__EXERCISE AIM__
Here is the task for the listing below: output exactly the lines from the one containing "Locate the region" through the one containing "Task: Select the element", and leave out the pictures.

__PROVIDED DATA__
=-=-=
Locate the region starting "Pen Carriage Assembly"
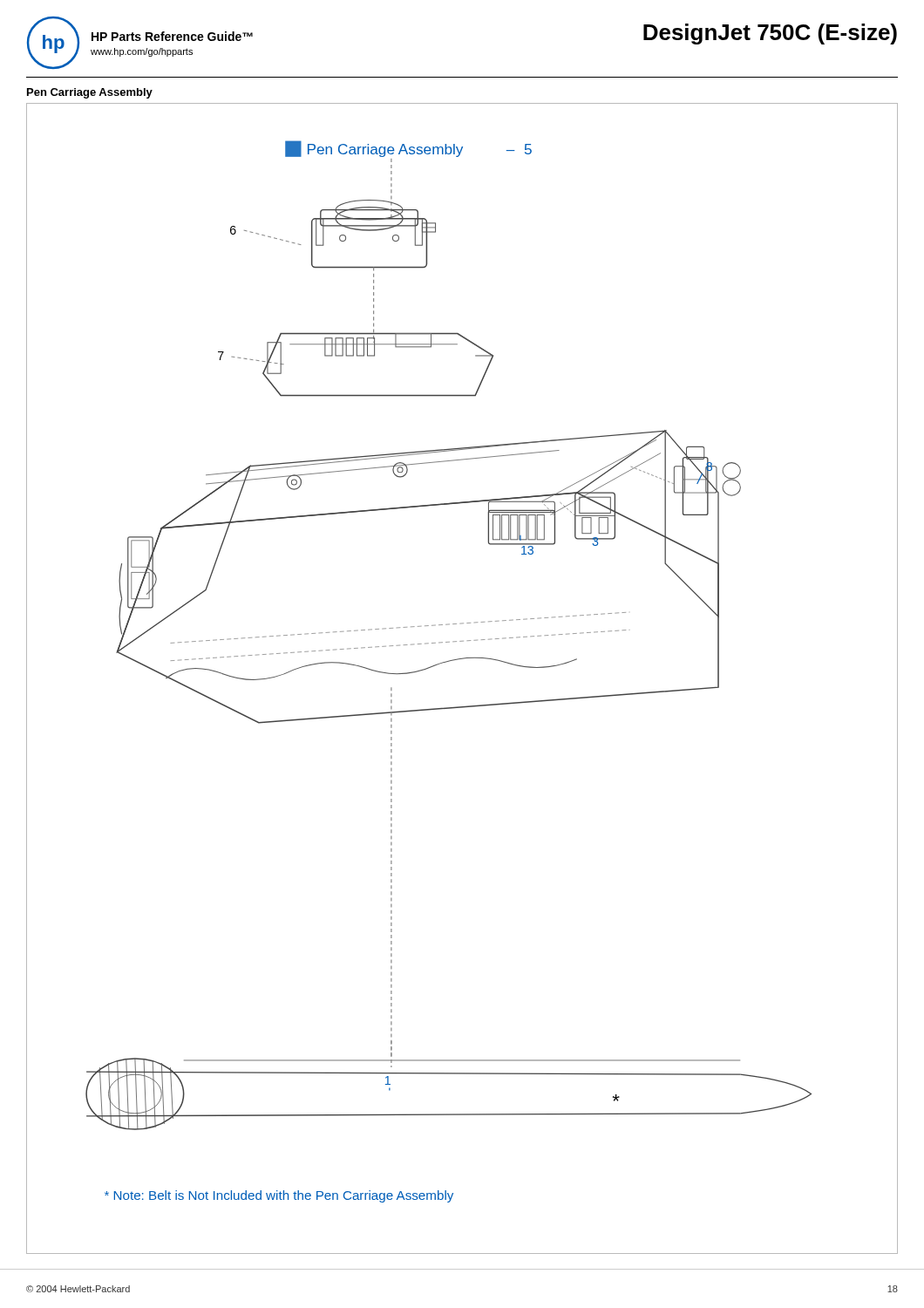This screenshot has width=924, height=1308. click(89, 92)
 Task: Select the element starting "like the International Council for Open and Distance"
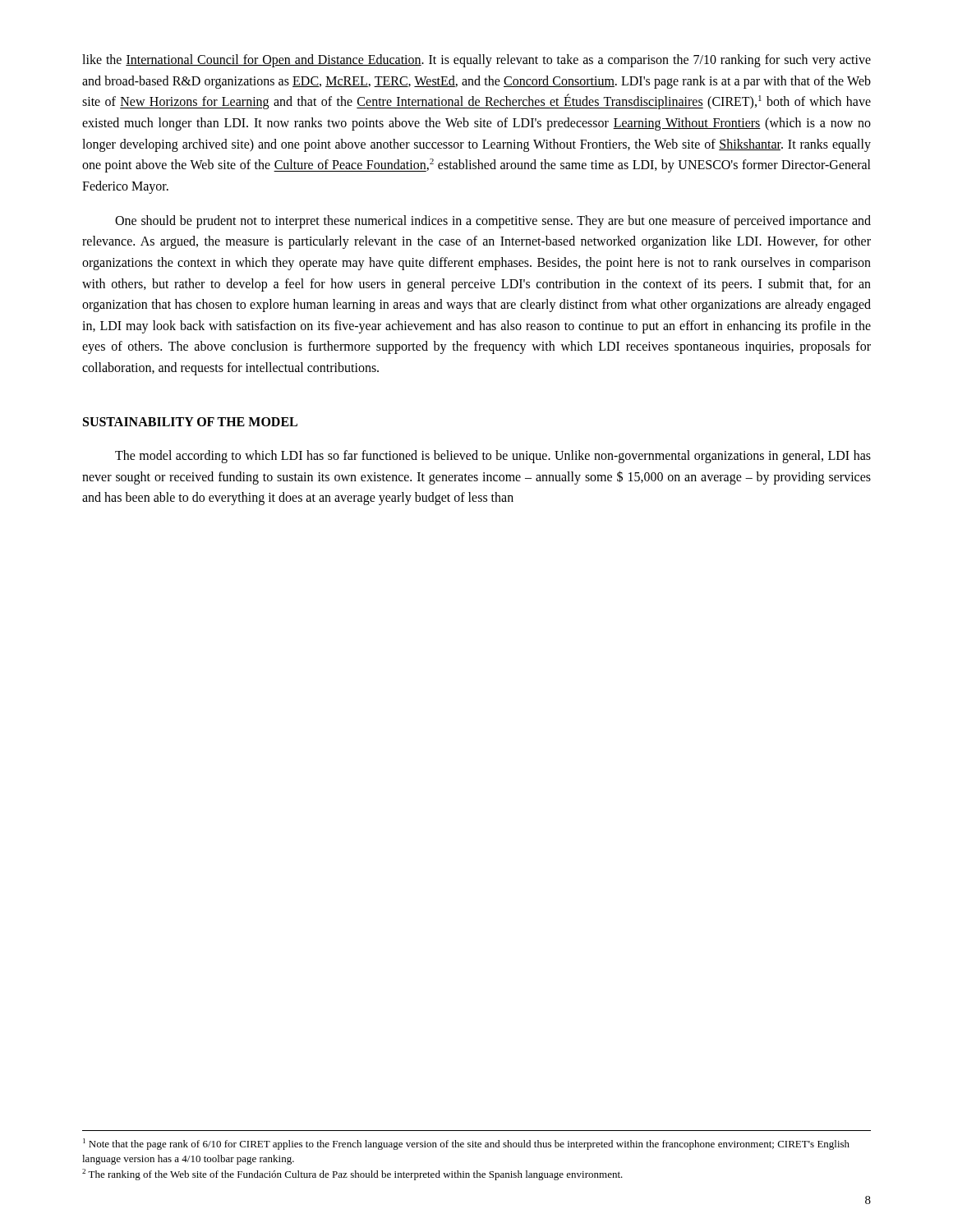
=-=-=
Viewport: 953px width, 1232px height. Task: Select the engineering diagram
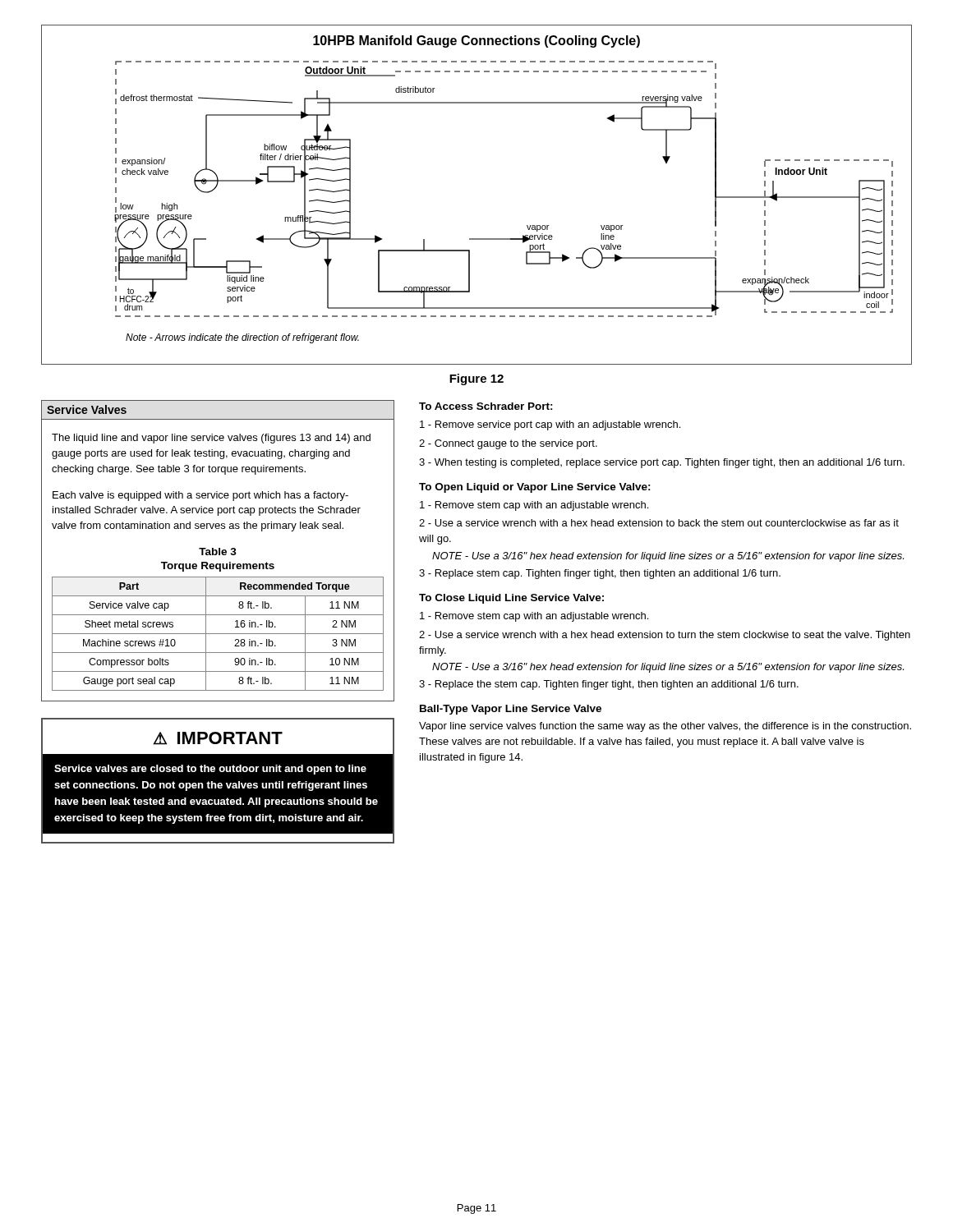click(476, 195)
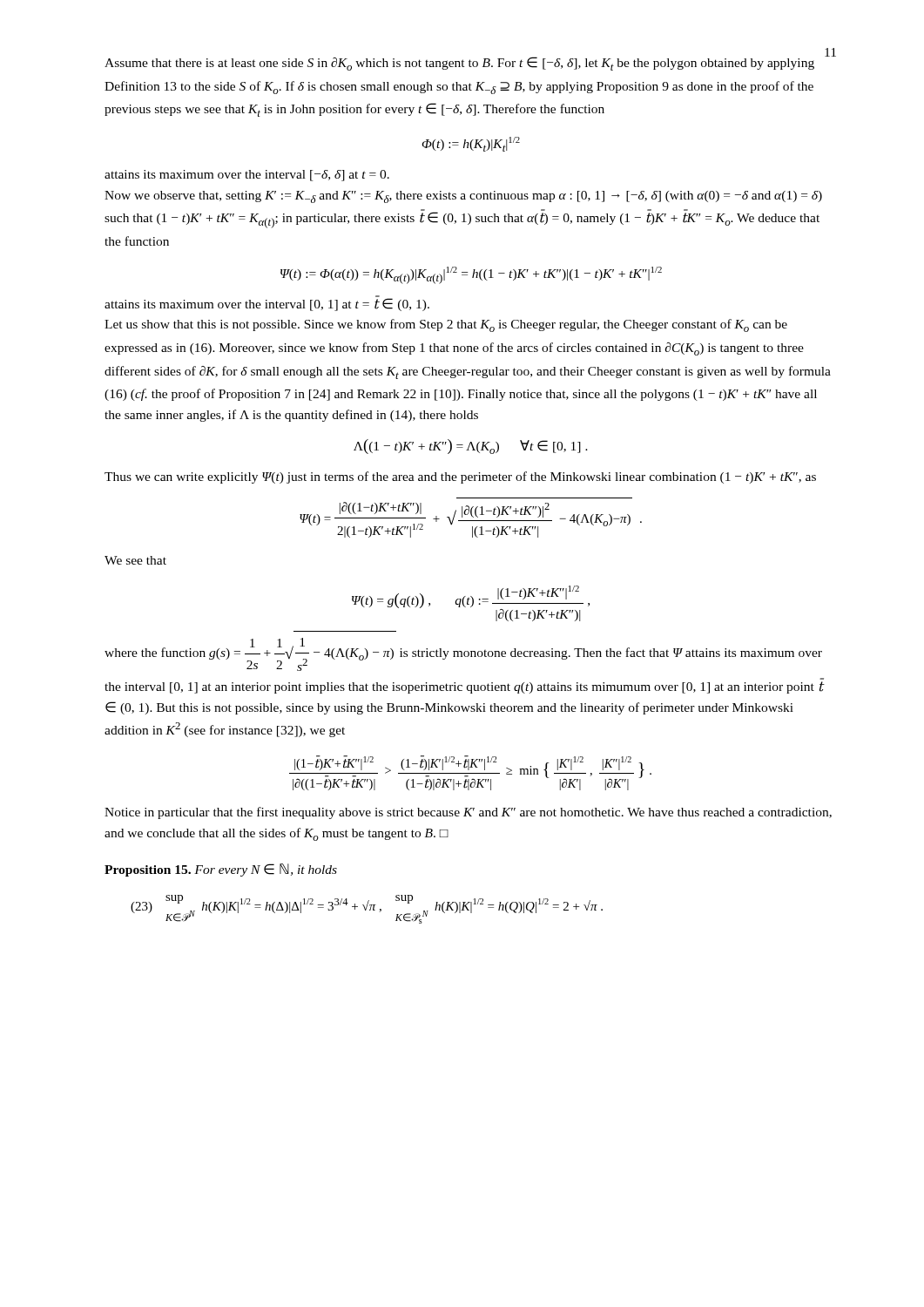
=-=-=
__RESULT OF THE EXERCISE__
Locate the region starting "Pen Carriage Assembly"
This screenshot has width=924, height=1308. click(89, 92)
 Task: Select the element starting "like the International Council for Open and Distance"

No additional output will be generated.